FORCE MAJEURE AND OTHER EXCUSABLE DELAYS
The Contractor shall not be liable for any loss, damage, failure, inability and/or delay in delivery or performance or failure to deliver or perform due to the acts of any government; acts of civil or military authority; accidents; fires; wars; acts of terrorism; insurrections; civil disorders; floods; strikes or other labor disturbances or difficulties; epidemics; riots; shortages of fuel or power; breakdowns of machinery; acts of God; acts of Customer; failures in source of supply; or any other cause beyond the control of the Contractor; and the Contractor shall have the right to cancel the performance hereunder or suspend the performance or extend the date of performance hereunder if one or more of such contingencies prevents or delays performance. All reasonable additional costs incurred by the Contractor as a consequence of any such suspension or extension of performance hereunder and any subsequent resumption or completion of the Service Work shall be reimbursed by Customer.
MISCELLANEOUS
Customer shall comply with all applicable laws, rules and regulations. None of Customer’s rights under the Contract shall be assigned or transferred by Customer to any other person or entity, whether by operation of law or otherwise, without the Contractor’s prior written approval.
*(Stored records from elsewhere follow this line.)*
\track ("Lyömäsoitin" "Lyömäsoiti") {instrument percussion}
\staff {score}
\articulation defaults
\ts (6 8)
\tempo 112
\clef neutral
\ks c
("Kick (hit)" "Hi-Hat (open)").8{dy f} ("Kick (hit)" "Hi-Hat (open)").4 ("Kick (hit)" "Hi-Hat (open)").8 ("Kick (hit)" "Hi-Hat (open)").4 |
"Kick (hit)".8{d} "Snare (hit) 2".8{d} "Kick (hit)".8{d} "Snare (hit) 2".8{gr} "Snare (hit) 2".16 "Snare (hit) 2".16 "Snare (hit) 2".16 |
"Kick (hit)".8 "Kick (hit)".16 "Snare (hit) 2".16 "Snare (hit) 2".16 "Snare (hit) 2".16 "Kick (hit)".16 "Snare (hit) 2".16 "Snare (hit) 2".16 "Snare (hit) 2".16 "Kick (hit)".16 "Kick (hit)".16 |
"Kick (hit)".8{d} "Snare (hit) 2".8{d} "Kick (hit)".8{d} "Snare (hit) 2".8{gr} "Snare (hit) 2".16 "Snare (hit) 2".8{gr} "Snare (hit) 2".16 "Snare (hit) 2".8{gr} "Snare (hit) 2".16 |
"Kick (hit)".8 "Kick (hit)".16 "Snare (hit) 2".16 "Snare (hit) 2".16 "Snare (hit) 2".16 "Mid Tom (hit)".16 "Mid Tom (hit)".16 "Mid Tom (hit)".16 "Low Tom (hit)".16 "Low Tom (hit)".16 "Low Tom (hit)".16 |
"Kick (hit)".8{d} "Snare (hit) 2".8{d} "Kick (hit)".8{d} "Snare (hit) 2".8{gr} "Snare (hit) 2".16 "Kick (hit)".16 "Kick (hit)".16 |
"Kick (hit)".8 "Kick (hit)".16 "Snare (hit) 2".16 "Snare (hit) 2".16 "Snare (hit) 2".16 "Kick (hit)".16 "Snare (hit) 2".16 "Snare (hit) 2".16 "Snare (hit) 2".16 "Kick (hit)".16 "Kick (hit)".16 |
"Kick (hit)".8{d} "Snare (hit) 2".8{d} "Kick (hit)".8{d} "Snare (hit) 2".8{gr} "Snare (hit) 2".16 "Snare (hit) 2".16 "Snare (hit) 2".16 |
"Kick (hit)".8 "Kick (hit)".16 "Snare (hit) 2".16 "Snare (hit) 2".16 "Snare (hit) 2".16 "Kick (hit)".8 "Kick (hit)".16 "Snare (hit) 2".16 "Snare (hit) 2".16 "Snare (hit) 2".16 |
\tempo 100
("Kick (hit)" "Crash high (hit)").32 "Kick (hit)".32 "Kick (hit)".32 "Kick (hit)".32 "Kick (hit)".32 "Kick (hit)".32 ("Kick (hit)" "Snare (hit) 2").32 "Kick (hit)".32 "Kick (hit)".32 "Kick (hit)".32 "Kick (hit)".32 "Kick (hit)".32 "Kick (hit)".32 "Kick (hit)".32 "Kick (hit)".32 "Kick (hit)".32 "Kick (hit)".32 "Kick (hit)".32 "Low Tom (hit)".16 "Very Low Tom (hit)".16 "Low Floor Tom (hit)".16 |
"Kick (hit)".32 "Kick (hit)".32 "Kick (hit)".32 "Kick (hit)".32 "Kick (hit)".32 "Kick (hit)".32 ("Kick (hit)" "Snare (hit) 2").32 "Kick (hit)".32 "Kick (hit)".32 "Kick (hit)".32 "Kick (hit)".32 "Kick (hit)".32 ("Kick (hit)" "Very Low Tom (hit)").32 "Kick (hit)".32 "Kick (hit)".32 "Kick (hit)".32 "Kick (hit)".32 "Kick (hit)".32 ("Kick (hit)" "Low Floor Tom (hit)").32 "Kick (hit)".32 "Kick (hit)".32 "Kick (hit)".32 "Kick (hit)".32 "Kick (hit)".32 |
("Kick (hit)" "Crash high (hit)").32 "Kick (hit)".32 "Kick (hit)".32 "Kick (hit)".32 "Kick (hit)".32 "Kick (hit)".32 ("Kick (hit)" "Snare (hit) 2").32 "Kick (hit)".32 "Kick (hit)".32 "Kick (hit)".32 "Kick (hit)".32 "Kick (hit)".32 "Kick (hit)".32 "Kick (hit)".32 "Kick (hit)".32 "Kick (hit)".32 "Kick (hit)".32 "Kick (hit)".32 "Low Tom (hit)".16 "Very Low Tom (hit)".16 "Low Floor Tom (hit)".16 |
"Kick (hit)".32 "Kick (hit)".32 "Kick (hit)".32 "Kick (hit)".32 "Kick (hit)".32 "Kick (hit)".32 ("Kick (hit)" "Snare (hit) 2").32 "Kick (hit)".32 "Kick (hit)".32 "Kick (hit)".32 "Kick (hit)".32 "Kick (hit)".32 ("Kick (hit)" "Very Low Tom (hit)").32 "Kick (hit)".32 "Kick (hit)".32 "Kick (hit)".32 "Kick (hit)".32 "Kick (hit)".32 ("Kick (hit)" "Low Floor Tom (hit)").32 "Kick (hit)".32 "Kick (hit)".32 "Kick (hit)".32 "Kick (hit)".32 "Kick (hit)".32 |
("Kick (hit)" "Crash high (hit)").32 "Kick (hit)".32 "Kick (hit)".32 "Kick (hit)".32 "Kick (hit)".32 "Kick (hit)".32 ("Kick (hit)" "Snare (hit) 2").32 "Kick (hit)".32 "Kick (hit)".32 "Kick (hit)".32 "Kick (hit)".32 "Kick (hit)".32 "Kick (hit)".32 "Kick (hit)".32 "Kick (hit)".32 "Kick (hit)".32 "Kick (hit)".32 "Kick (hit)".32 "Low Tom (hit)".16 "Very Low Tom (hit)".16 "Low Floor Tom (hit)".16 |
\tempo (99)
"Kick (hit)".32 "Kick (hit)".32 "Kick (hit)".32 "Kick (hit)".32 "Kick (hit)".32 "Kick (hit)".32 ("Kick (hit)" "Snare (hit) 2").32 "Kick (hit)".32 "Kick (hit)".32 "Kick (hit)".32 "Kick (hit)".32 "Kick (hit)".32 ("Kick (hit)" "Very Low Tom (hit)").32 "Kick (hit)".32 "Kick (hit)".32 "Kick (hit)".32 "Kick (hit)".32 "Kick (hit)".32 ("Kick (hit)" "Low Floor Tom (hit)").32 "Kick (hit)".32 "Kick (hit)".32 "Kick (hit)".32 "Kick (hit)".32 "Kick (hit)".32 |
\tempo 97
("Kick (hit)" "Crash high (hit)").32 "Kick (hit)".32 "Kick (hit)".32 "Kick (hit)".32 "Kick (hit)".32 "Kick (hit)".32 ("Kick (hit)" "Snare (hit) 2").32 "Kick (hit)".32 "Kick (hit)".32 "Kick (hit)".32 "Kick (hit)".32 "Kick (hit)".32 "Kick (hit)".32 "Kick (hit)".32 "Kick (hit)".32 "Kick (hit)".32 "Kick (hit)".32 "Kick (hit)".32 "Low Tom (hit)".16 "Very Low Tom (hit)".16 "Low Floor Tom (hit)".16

The failure of the Contractor to enforce any rights under the Contract shall not constitute a waiver of any such rights or any other rights under the Contract. The Contract shall be governed by and construed in accordance with the laws of the Commonwealth of Pennsylvania, notwithstanding any conflict of law provisions to the contrary, and all disputes arising under the Contract shall be resolved in the state courts of the Commonwealth of Pennsylvania or in the United States District Court for the Eastern District of Pennsylvania. All of the provisions of the Contract are separate and severable. If any of the provisions of the Contract are held to be invalid or unenforceable, such invalidity or unenforceability shall not affect the validity or enforceability of any other provision hereof. EACH PARTY EXPRESSLY WAIVES ALL RIGHTS TO A JURY TRIAL IN CONNECTION WITH ANY DISPUTE ARISING UNDER THE CONTRACT. The Contractor and Customer are each independent contractors and neither party shall be, nor represent itself to be, the franchiser, partner, broker, employee, servant, agent, or legal representative of the other party for any purpose whatsoever.These Conditions, plus the additional agreed upon terms of the Contract (relating only to price, time and location for performance, and technical specifications and scope of Service Work to be performed) and the terms and conditions of any software license agreement executed in writing by the Contractor and Customer and pertaining to software or other data provided In connection with the Service Work contain the entire agreement and understanding between the parties hereto with respect to the subject matter hereof and supersede all prior agreements and understandings relating to such subject matter. If a provision of these Conditions is at variance with necessary requirements of applicable law, then these Conditions shall be deemed to be amended to the minimum extent necessary to comply with such applicable law. No terms, conditions, representations, warranties or covenants contained in any correspondence, catalogue, or in any other form shall be applicable unless incorporated herein by express written agreement of the parties hereto.